- [Exercise]
Exclude the pictures and repeat all of the data exactly.

──────

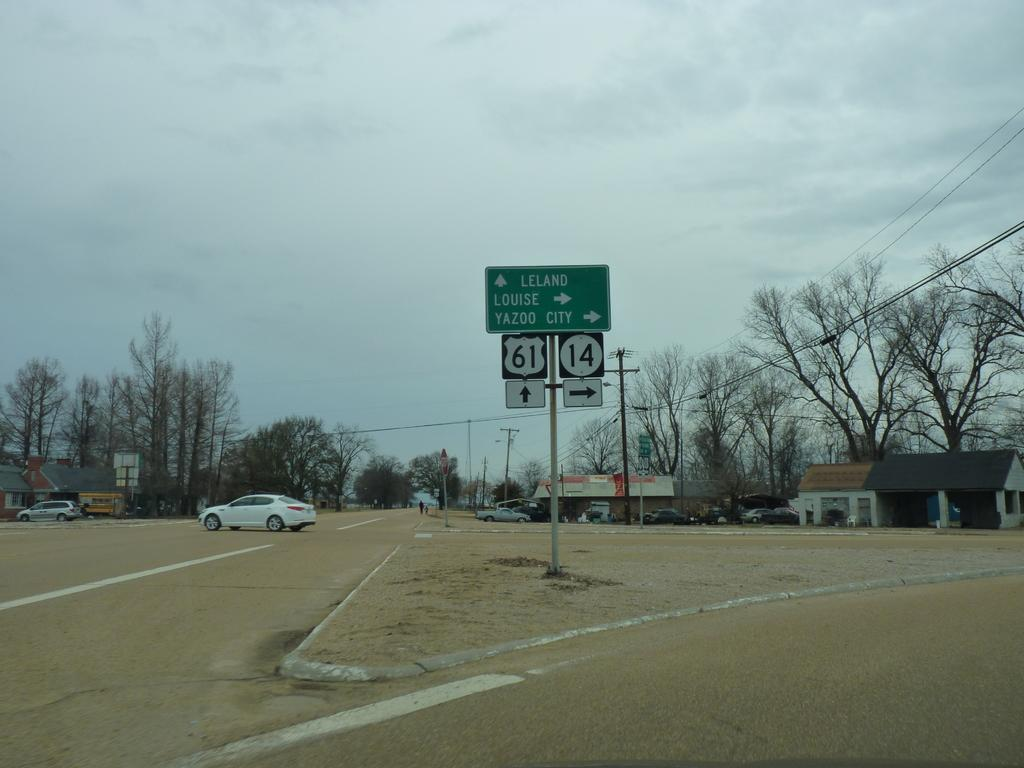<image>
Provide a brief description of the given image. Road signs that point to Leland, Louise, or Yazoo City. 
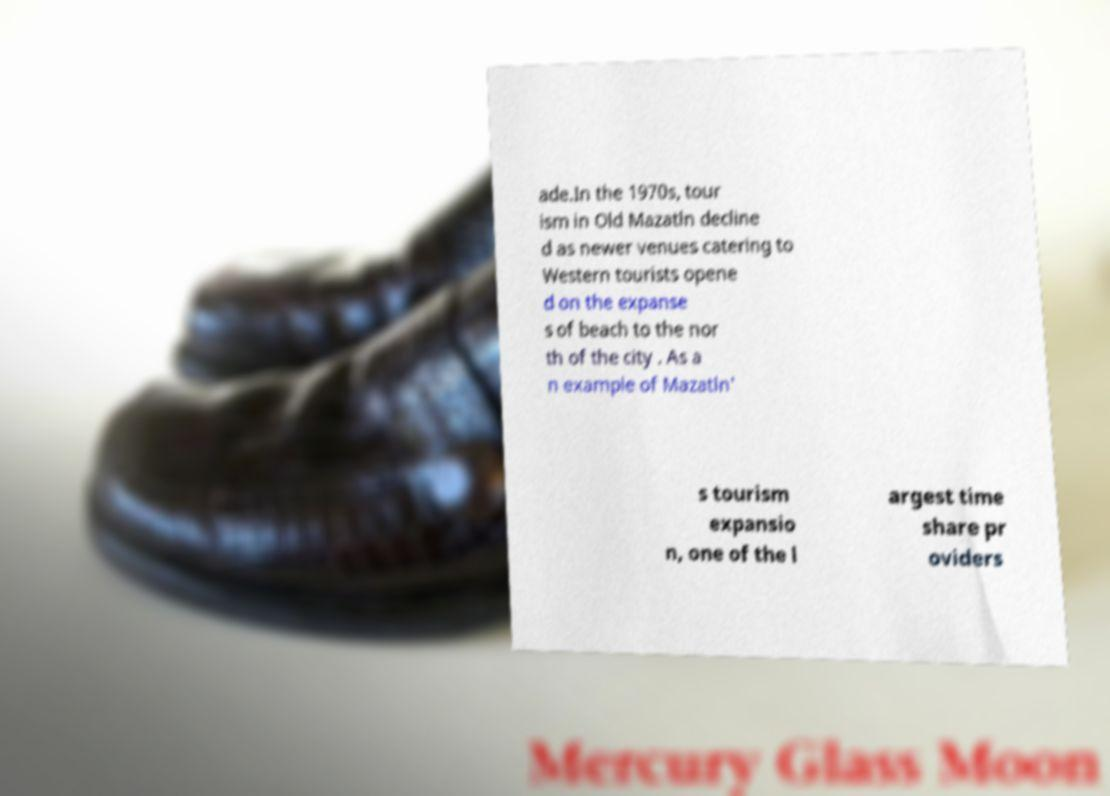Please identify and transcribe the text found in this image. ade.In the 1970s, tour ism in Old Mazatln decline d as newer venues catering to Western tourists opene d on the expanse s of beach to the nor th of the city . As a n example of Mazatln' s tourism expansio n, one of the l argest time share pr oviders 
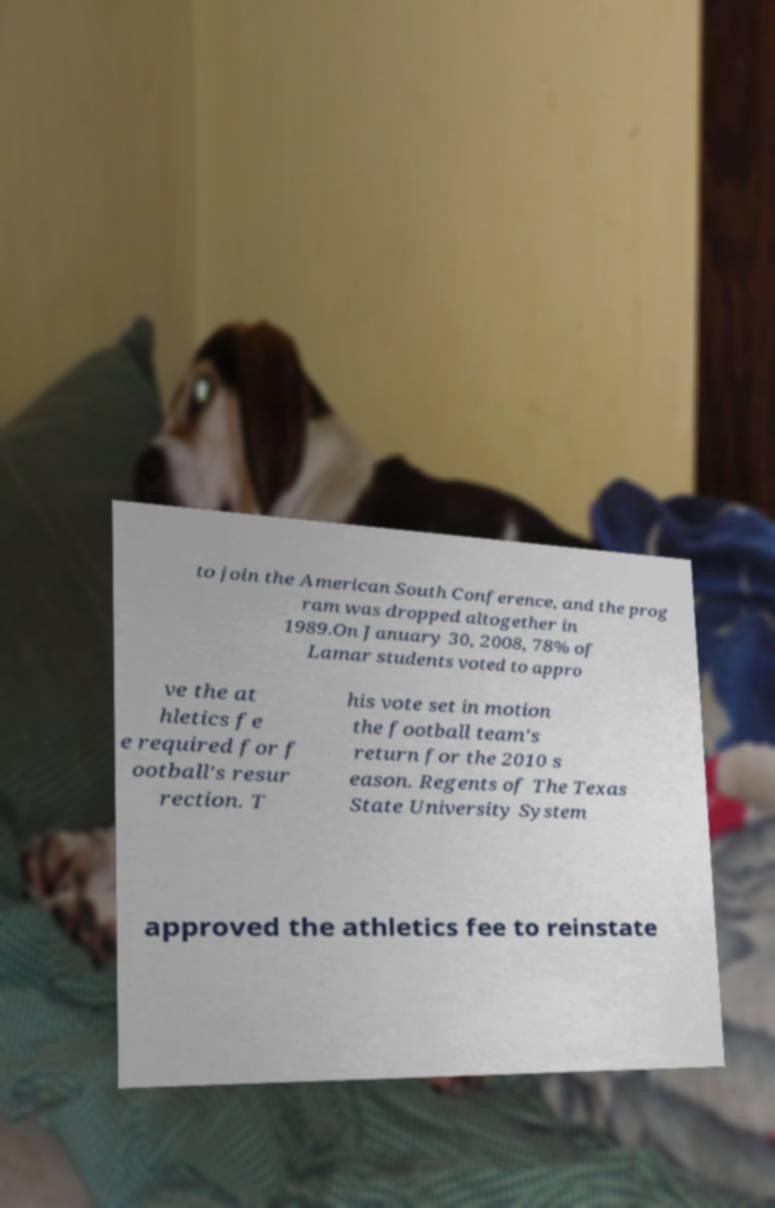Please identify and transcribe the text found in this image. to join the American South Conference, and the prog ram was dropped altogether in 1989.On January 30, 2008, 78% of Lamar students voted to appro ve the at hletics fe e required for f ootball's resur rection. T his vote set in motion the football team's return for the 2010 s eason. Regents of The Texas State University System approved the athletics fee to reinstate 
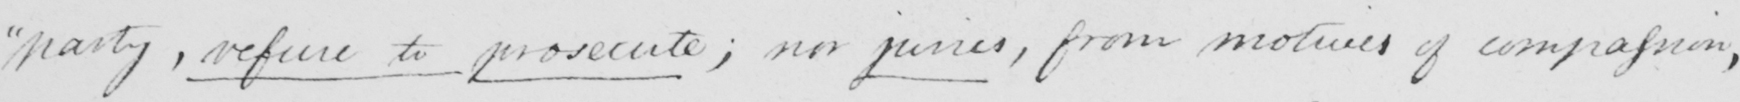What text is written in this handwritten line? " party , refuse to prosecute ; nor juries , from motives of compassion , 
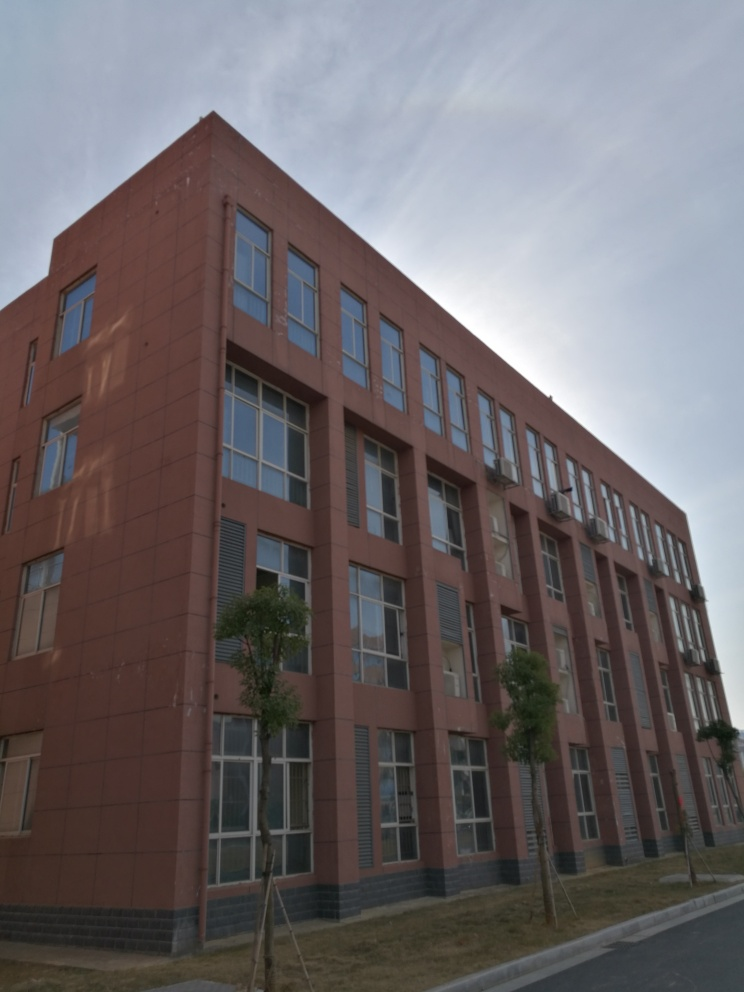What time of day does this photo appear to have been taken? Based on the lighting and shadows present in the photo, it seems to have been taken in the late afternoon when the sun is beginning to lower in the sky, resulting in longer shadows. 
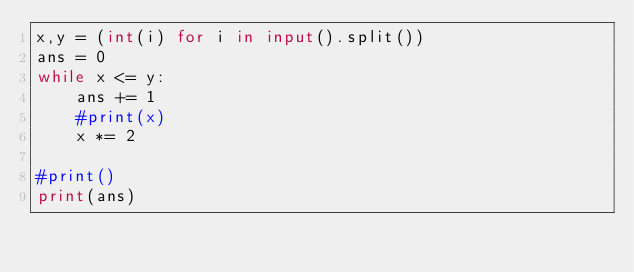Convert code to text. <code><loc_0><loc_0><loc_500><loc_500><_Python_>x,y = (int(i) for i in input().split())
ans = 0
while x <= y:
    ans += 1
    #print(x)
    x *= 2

──────

- [Result of this exercise]
<image>
Provide a brief description of the given image. Road signs that point to Leland, Louise, or Yazoo City. 
Please identify and transcribe the text found in this image. ade.In the 1970s, tour ism in Old Mazatln decline d as newer venues catering to Western tourists opene d on the expanse s of beach to the nor th of the city . As a n example of Mazatln' s tourism expansio n, one of the l argest time share pr oviders 
Please identify and transcribe the text found in this image. to join the American South Conference, and the prog ram was dropped altogether in 1989.On January 30, 2008, 78% of Lamar students voted to appro ve the at hletics fe e required for f ootball's resur rection. T his vote set in motion the football team's return for the 2010 s eason. Regents of The Texas State University System approved the athletics fee to reinstate 
What text is written in this handwritten line? " party , refuse to prosecute ; nor juries , from motives of compassion , 
What time of day does this photo appear to have been taken? Based on the lighting and shadows present in the photo, it seems to have been taken in the late afternoon when the sun is beginning to lower in the sky, resulting in longer shadows. 
Convert code to text. <code><loc_0><loc_0><loc_500><loc_500><_Python_>x,y = (int(i) for i in input().split())
ans = 0
while x <= y:
    ans += 1
    #print(x)
    x *= 2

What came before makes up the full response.